D: Functional urinary incontinence occurs as the result of problems not related to the client’s bladder, such as trouble ambulating or difficulty accessing the toilet. One goal is that the client will be able to manage his or her clothing independently. Elastic waistband slacks that are easy to pull down can help the client get on the toilet in time to void. The other instructions do not relate to functional urinary incontinence.


A client in the emergency department reports extreme dry mouth, constipation, and an inability to void. The client’s history includes incontinence. Which question by the nurse is most important?
a. “Are you drinking plenty of water?”
b. “Do you take anticholinergic medication?”
c. “Have you tried laxatives or enemas?”
d. “Has this type of thing ever happened before?”

B: Some types of incontinence are treated with anticholinergic medications such as propantheline (Pro-Banthine). Anticholinergic side effects include dry mouth, constipation, and urinary retention. The nurse needs to know whether the client is on this type of medication because the client’s symptoms can be a manifestation of a simple side effect or an overdose. The other questions are not as helpful.
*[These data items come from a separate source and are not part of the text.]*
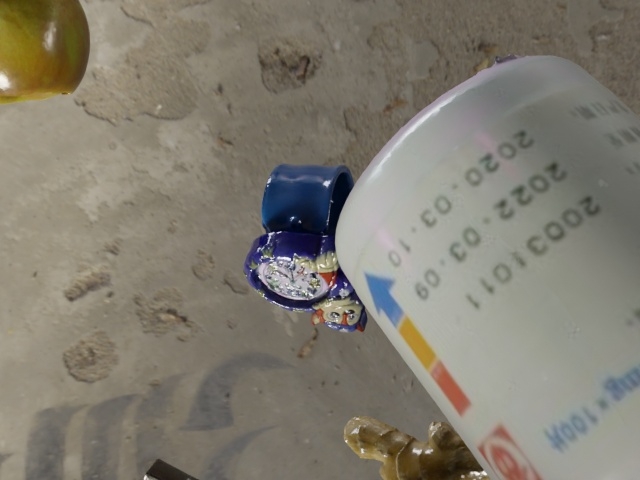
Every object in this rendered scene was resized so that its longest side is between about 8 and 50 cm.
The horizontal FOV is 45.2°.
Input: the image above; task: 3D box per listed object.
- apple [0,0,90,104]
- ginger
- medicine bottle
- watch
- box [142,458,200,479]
[{"bbox_3d":[-0.463,-0.296,1.159,0.237,0.237,0.207,-9,79,4],"label":"apple"},{"bbox_3d":[0.186,0.346,1.186,0.334,0.081,0.148,-7,74,27],"label":"ginger"},{"bbox_3d":[0.147,0.064,0.363,0.170,0.170,0.293,-34,65,-2],"label":"medicine bottle"},{"bbox_3d":[-0.007,-0.005,1.074,0.171,0.196,0.200,7,54,7],"label":"watch"},{"bbox_3d":[-0.209,0.470,1.058,0.180,0.047,0.325,27,110,4],"label":"box"}]

A client is beginning to undergo urinary bladder training. Which is an effective instruction to give this client?
a. “Use the toilet at the first urge, rather than at specific intervals.”
b. “Try to consciously hold your urine until the scheduled toileting time.”
c. “Initially try to use the toilet at least every half-hour for 24 hours.”
d. “The toileting interval can be increased once you have been continent for 1 week.”

B: The client should try to hold the urine consciously until the next scheduled toileting time. Toileting should occur at specific intervals during the training. The toileting interval should be no less than every hour. The interval can be increased once the client becomes comfortable with the interval.


A client has had two episodes of bacterial cystitis in the last 6 months. Which questions should the nurse ask? (Select all that apply.)
a. “How much water do you drink every day?”
b. “Do you take estrogen replacement?”
c. “Does anyone in your family have a history of cystitis?”
d. “Do you have any condition that affects your immune system?”
e. “Are you on steroids or other immune suppressant drugs?”
f. “Do you drink grapefruit juice every day?”

ABDE: Fluid intake, estrogen levels, and immune suppression all can increase the chance of recurrent cystitis. Family history is usually insignificant, and cranberry juice, not grapefruit juice, has been found to increase the acidic pH and reduce the risk for bacterial cystitis.


The nurse is teaching a client about self-catheterization in the home setting. Which instructions are applicable? (Select all that apply.)
a. “Wash your hands before and after self-catheterization.”
b. “Use a large-lumen catheter for each catheterization.”
c. “Use lubricant on the tip of the catheter before insertion.”
d. “Self-catheterize every 12 hours.”
e. “Use sterile gloves for the procedure.”
f. “Maintain a specific schedule for catheterization.”

ACF: The key points in self-catheterization include washing hands, using lubricants, and maintaining a regular schedule to avoid distention and retention of urine that leads to bacterial growth. A smaller rather than a larger lumen catheter is preferred. The client needs to catheterize more often than every 12 hours. Self-catheterization in the home is a clean procedure.


Which statements about urge incontinence and stress incontinence are true? (Select all that apply.)
a. Urge incontinence involves a post-voiding residual volume less than 50 mL.
b. Stress incontinence occurs because of weak pelvic floor muscles.
c. Stress incontinence usually occurs in people with dementia.
d. Urge incontinence can be managed by increasing fluid intake.
e. Urge incontinence occurs because of abnormal bladder contractions.

BE: Clients who suffer from stress incontinence have weak pelvic floor muscles or urethral sphincter and cannot tighten their urethra sufficiently to overcome the increased detrusor pressure. Stress incontinence is common after childbirth, when the pelvic muscles are stretched and weakened from pregnancy and delivery. Urge incontinence occurs in people who cannot suppress the contraction signal from the detrusor muscle. Abnormal detrusor contractions may be a result of neurologic abnormalities or may occur with no known abnormality.